I found that the efficacy of neratinib is not that great in comparison to other approved therapies (targeting oncogenic alterations in EGFR, ALK, ROS1 and BRAF ) and may not work as a good monotherapy to treat wide variety of HER2- and HER3-mutant cancers.
Yep, I made a point to mention that they stated this, but they also mentioned its potential in use in combination therapy with other HER inhibitors. So it could still find a way to prove more useful then traditional therapies yet, onward for more research.
For clarity I mentioned this in the following paragraph:
Still, the information presented in this study is of high impact as it suggests that targeting these mutations specifically could be effective especially in combination with other chemotherapy techniques. It also opens the door to the study of combination therapies where neratinib is used at the same time as another HER kinase inhibiting compound to determine whether more potent anti-cancer effects are observed on the various mutations identified as positive hits here.
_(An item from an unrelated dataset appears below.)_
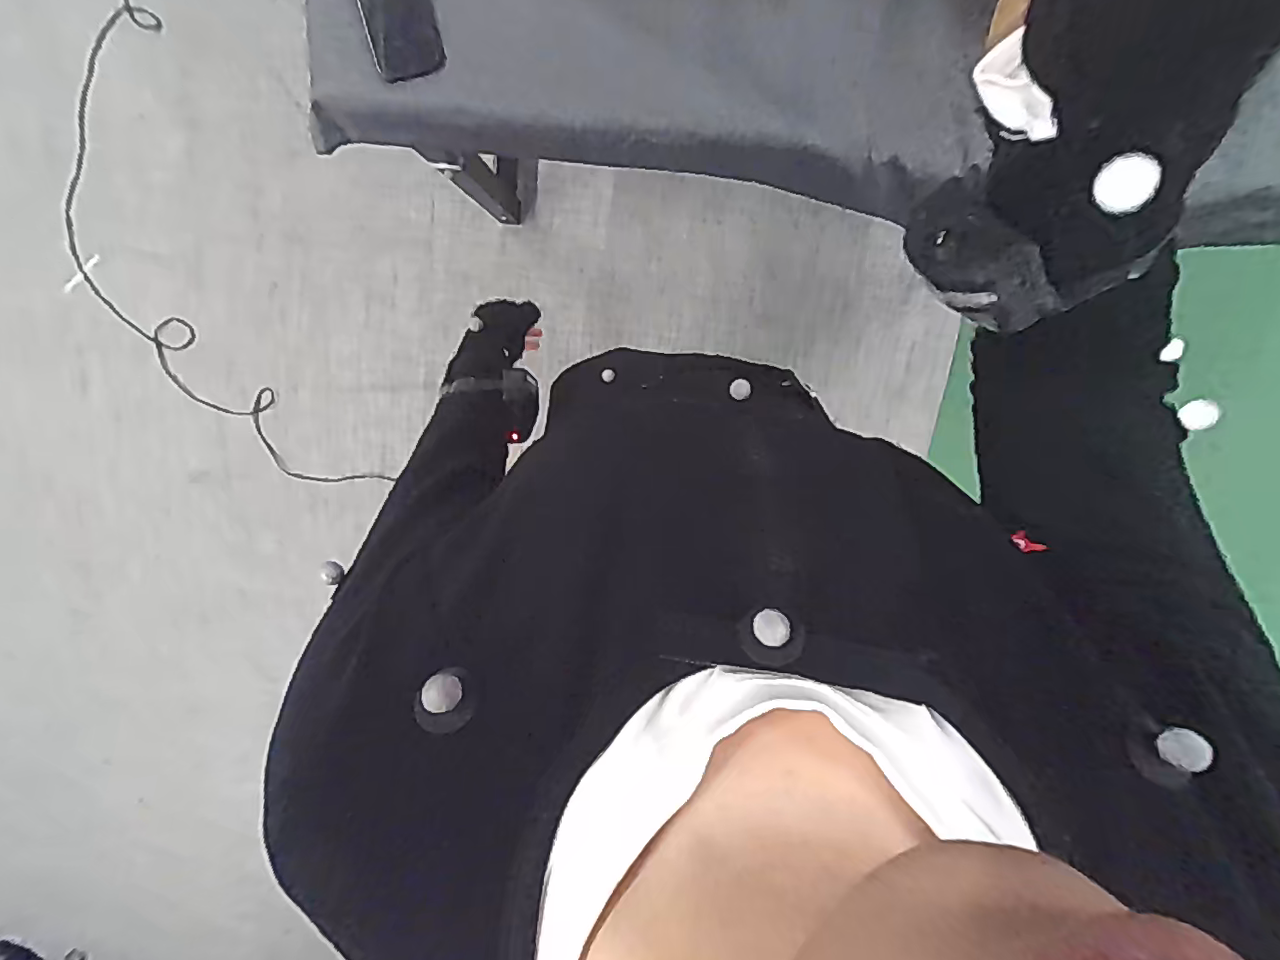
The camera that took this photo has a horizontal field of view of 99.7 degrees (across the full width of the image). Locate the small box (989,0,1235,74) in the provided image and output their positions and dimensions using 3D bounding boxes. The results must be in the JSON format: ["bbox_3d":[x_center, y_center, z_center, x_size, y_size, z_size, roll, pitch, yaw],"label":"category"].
[{"bbox_3d":[0.478,-0.534,0.517,0.168,0.176,0.179,11,104,-2],"label":"small box"}]

Using neratinib as a monotherapy would be a hard sell
Indeed, its just not efficacious enough. However, I think the more important information here came from the identification of a whole host of new information on which HER mutations are gain of function. This will allow for a better, more targeted application of inhibitors to those people with cancers having these gain of function mutations.
Thanks for clarifying. I was skimming through. I forwarded this nature paper to my PhD friend who works on protein engineering to enhance the efficacy of HER-targeted therapeutics. I will point this post to him. Looking forward for your research news series.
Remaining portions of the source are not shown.